Almost all the email / comments I receive in this blog have been appreciative. Now, like a favorite student admonished by the teacher, I am receiving comments that I seem to have strayed from the path of technical analysis.
The Nifty closed at 3818.30, the lowest weekly close since 8 April, 2007. If we are closing at the lows of 18 months, we are in a bear market.
Follow the trend, is a basic maxim in technical analysis. Then, most of our trading should be on the short side. The bear market is assumed to continue until proved otherwise. What is the proof of a new bull market ? If the Nifty closes above 4300 (the last intermediate high), we may well say that a new up move has started. (The 4300 number will change with time).

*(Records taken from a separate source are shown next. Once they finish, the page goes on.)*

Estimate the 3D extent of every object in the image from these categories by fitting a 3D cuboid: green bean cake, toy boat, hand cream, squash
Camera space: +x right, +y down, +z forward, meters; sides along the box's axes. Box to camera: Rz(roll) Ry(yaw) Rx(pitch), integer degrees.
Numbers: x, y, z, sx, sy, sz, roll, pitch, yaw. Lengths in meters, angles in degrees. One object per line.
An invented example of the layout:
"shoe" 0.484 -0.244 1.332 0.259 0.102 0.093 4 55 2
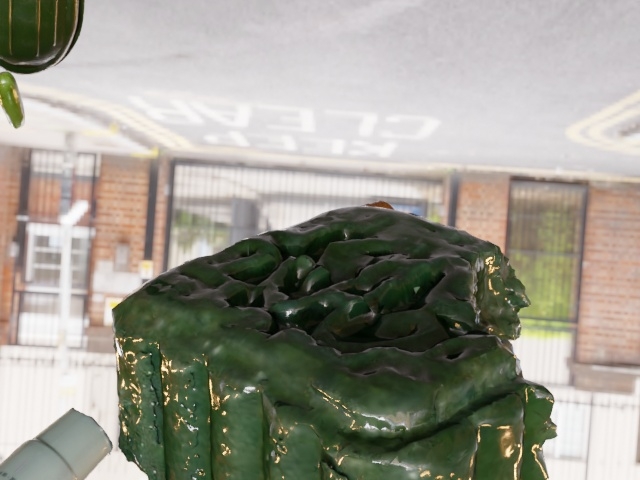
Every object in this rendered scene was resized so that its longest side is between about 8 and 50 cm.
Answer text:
"green bean cake" 0.043 0.098 0.762 0.300 0.169 0.308 22 -149 38
"toy boat" -0.262 -0.230 0.932 0.104 0.052 0.210 1 136 -16
"hand cream" -0.278 0.237 0.727 0.085 0.058 0.331 20 -138 29
"squash" -0.338 -0.151 1.142 0.027 0.027 0.089 4 147 2

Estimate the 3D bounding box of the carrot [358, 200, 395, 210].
"carrot" 0.000 0.000 1.454 0.256 0.061 0.061 -18 -176 -9
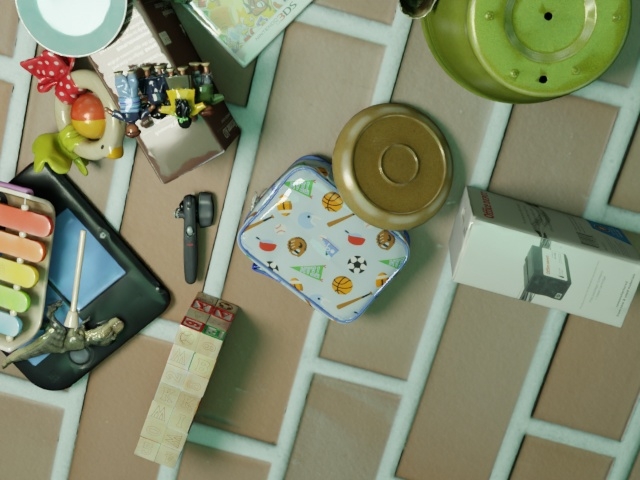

Within an intermediate down trend, there will be sharp rallies. This is the nature of the bear market.
Trading, then, is possible for taking short positions on rallies (going with the primary trend), and, also for intra day / 2 or 3 day up moves that can emerge suddenly.
Goldman Sachs now predicts the US recession will be "significantly deeper" than previously thought. 'Headline' unemployment (the number cited by the Bureau of Statistics) will reach 8% by 4Q09. Also, 3Q08 GDP growth will be 0.0% at best. U6, a broader measure of unemployment and underemployment used by Bureau of Labor Statistics but not often publicized, now stands at 11%.